Another major goal of the CCN model is a reduction of emergency room costs. For patients who have traditionally gone to the emergency room for non-emergent care, LSU Health has alternatives. Over the past year, an urgent care clinic has opened adjacent to the Interim LSU Public Hospital in New Orleans. Another urgent care site is set to open in Baton Rouge within the next year. At these locations, physicians address the immediate healthcare needs of the patient. Additionally, as part of an integrated healthcare system, they can also refer the patient to one of LSU’s primary care or specialty clinics for follow-up or ongoing care, engaging patients in the medical-home model and the resources that then become available.

LSU’s focus on disease management programs such as Diabetes care has created a more efficient use of Emergency Room resources.
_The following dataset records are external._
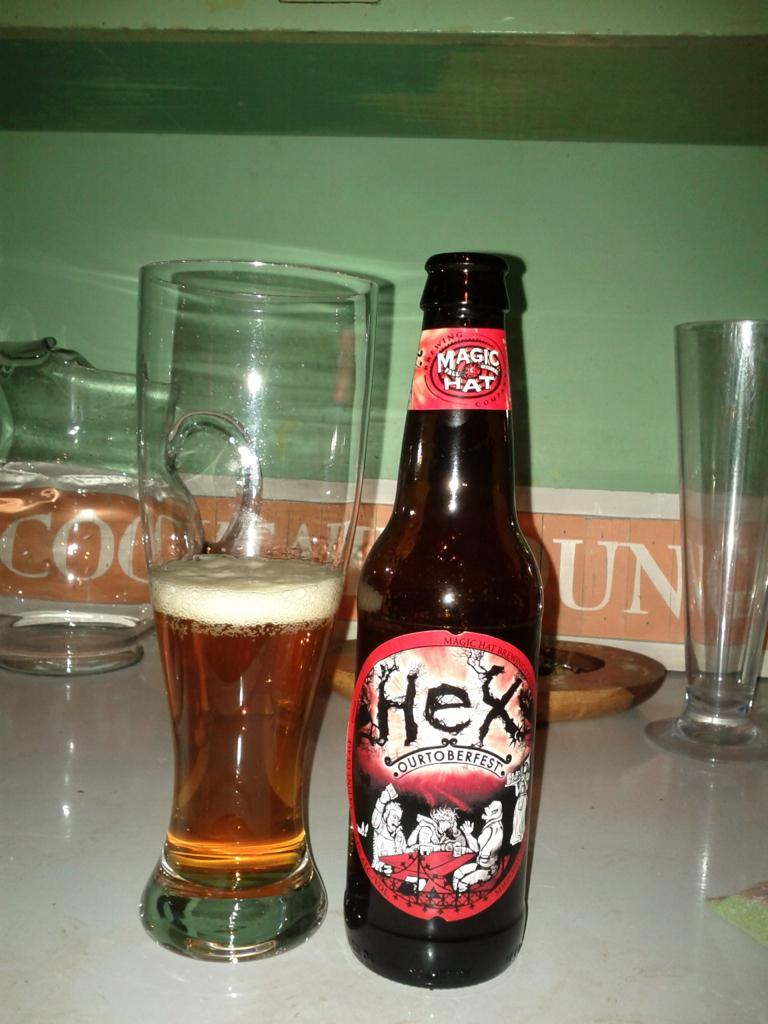<image>
Share a concise interpretation of the image provided. a bottle and glass of Magic Hat Hexes beer 
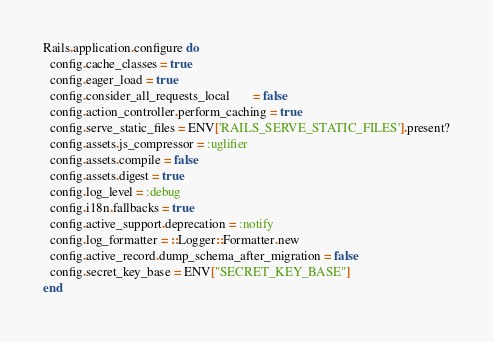<code> <loc_0><loc_0><loc_500><loc_500><_Ruby_>Rails.application.configure do
  config.cache_classes = true
  config.eager_load = true
  config.consider_all_requests_local       = false
  config.action_controller.perform_caching = true
  config.serve_static_files = ENV['RAILS_SERVE_STATIC_FILES'].present?
  config.assets.js_compressor = :uglifier
  config.assets.compile = false
  config.assets.digest = true
  config.log_level = :debug
  config.i18n.fallbacks = true
  config.active_support.deprecation = :notify
  config.log_formatter = ::Logger::Formatter.new
  config.active_record.dump_schema_after_migration = false
  config.secret_key_base = ENV["SECRET_KEY_BASE"]
end
</code> 
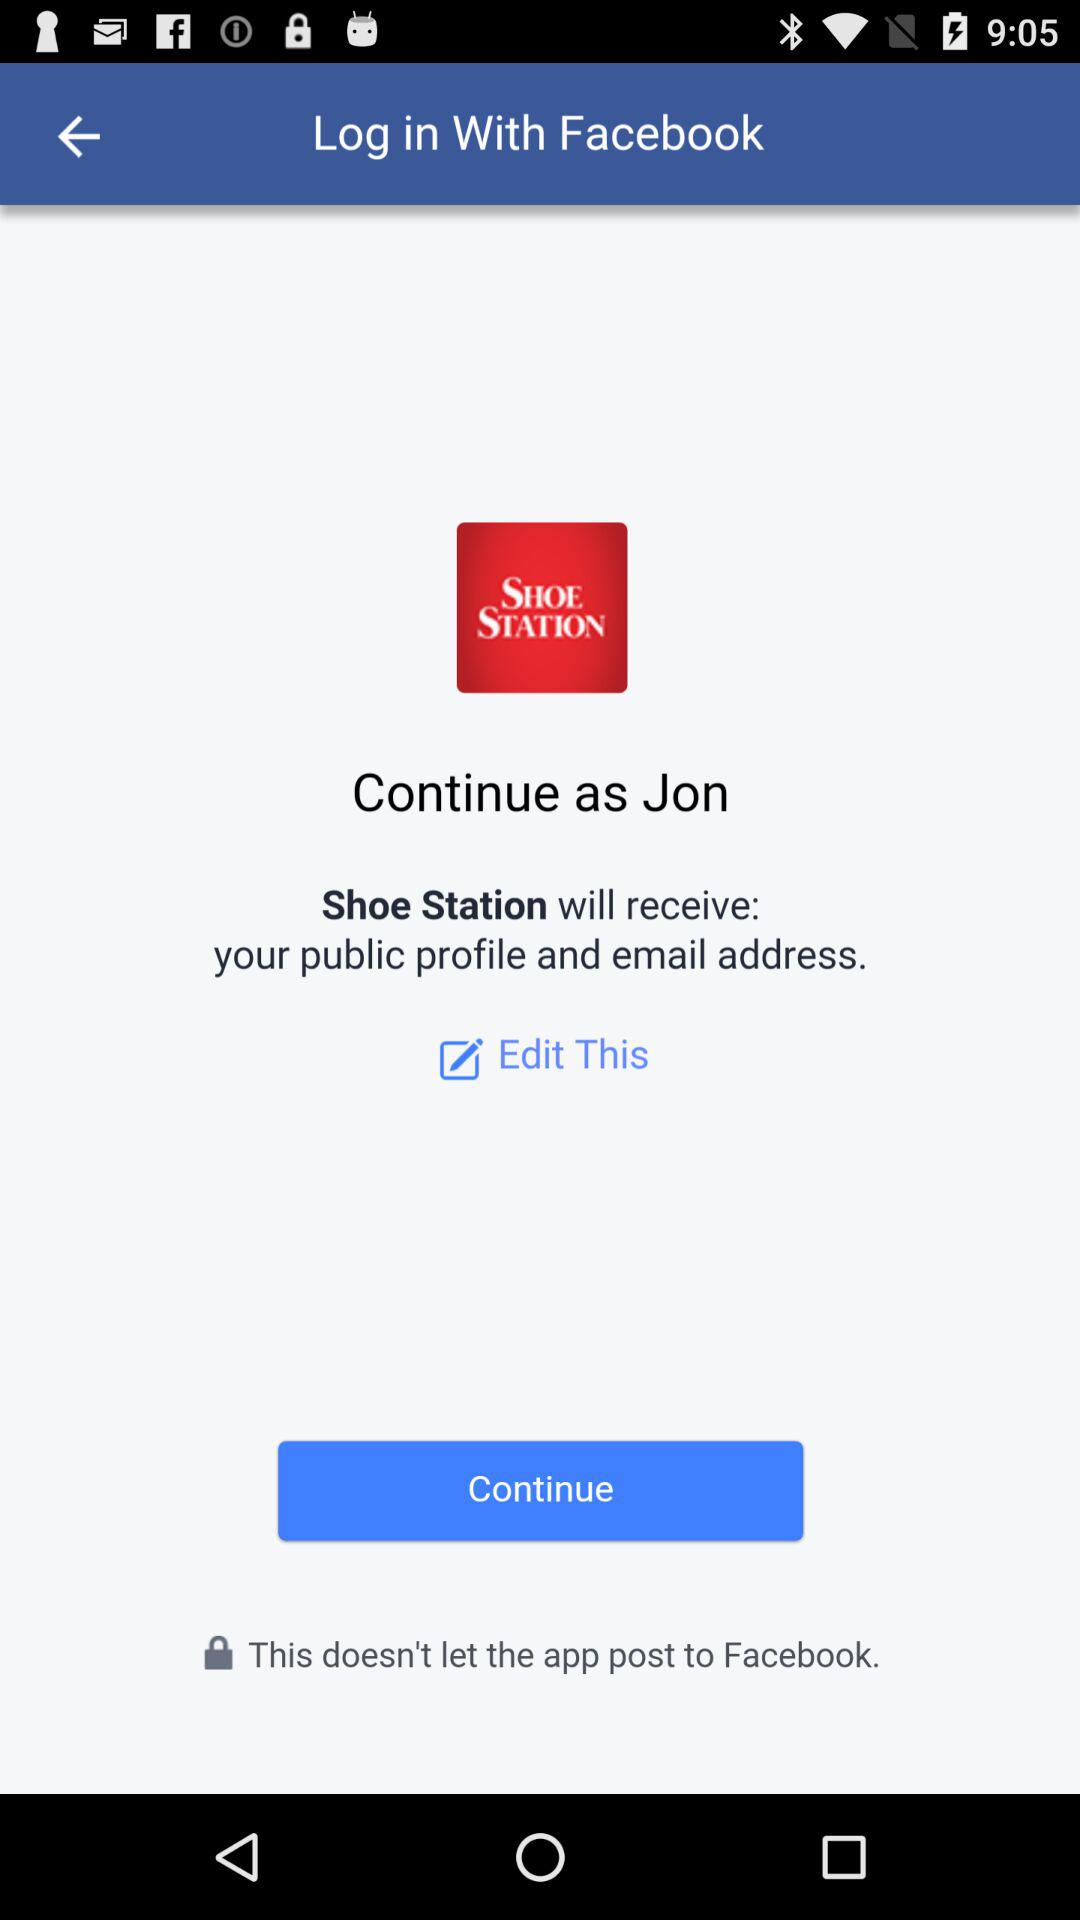What is the name of the user? The name of the user is Jon.

Emergency Room use by patients for only true emergencies equates to dollars saved. Diabetic patients who participate in evidence-based disease management programs and continue long term are less likely to use the emergency room for urgent care than patients who are insured, but not followed in disease management programs (greater odds, up to 1.70). Patients with better-managed glycated hemoglobin (Hb1c) levels achieved through specific disease management strategies are 82 times less likely to use the emergency room for urgent care visits (Chiou, Campbell, Horswell, Myers, and Culbertson, 2009).

LSU’s multi-layered and cohesive healthcare organization remains constant in its availability and flexes when necessary. It can provide for patients who are mostly healthy but occasionally face bouts of minor illness, patients recovering their health or living with disability or chronic illness, or patients coping with the end of life. The LSU medical home and coordinated network of care are well suited for all of these circumstances. The goal of CCNs in Louisiana meshes nicely with the goal LSU pursues and consistently achieves in improving the health of its patients while also reducing healthcare costs.

REFERENCES
Arcement, L., Horswell, R., Singh, M., Key, I., Butler, M., & Hebert, K. (2007). Disease management reduces racial and gender differences in survival among indigent patients with systolic heart failure. CHEST 2007 – Poster Presentation.
Butler, Kaiser, Johnson, Besse, Horswell (2010). Diabetes Mellitus disease management in a safety net hospital system: translating evidence into practice. Population Health Management, 13, 319-324.
Chiou, S., Campbell, C., Horswell, R., Myers, L., and Culbertson, R. (2009). Use of the emergency department for less-urgent care among type 2 diabetics under a disease management program. BMC Health Services Research, 9, 223.
Hebert, K., Lopez, B., Horswell, R., Tamariz, L., Palacio, A., Li, H. & Arcement, L. (2010). The impact of a standardized disease management program on race/ethnicity and gender disparities in care and mortality. Journal of Health Care for the Poor and Underserved. 21.
Hebert, K., Horswell, R., Key, J., Butler, M., Cerise, F., & Arcement, L., (2006). Mortality benefit of a comprehensive heart failure disease management program in indigent patients. American Heart Journal. 151, 478-83.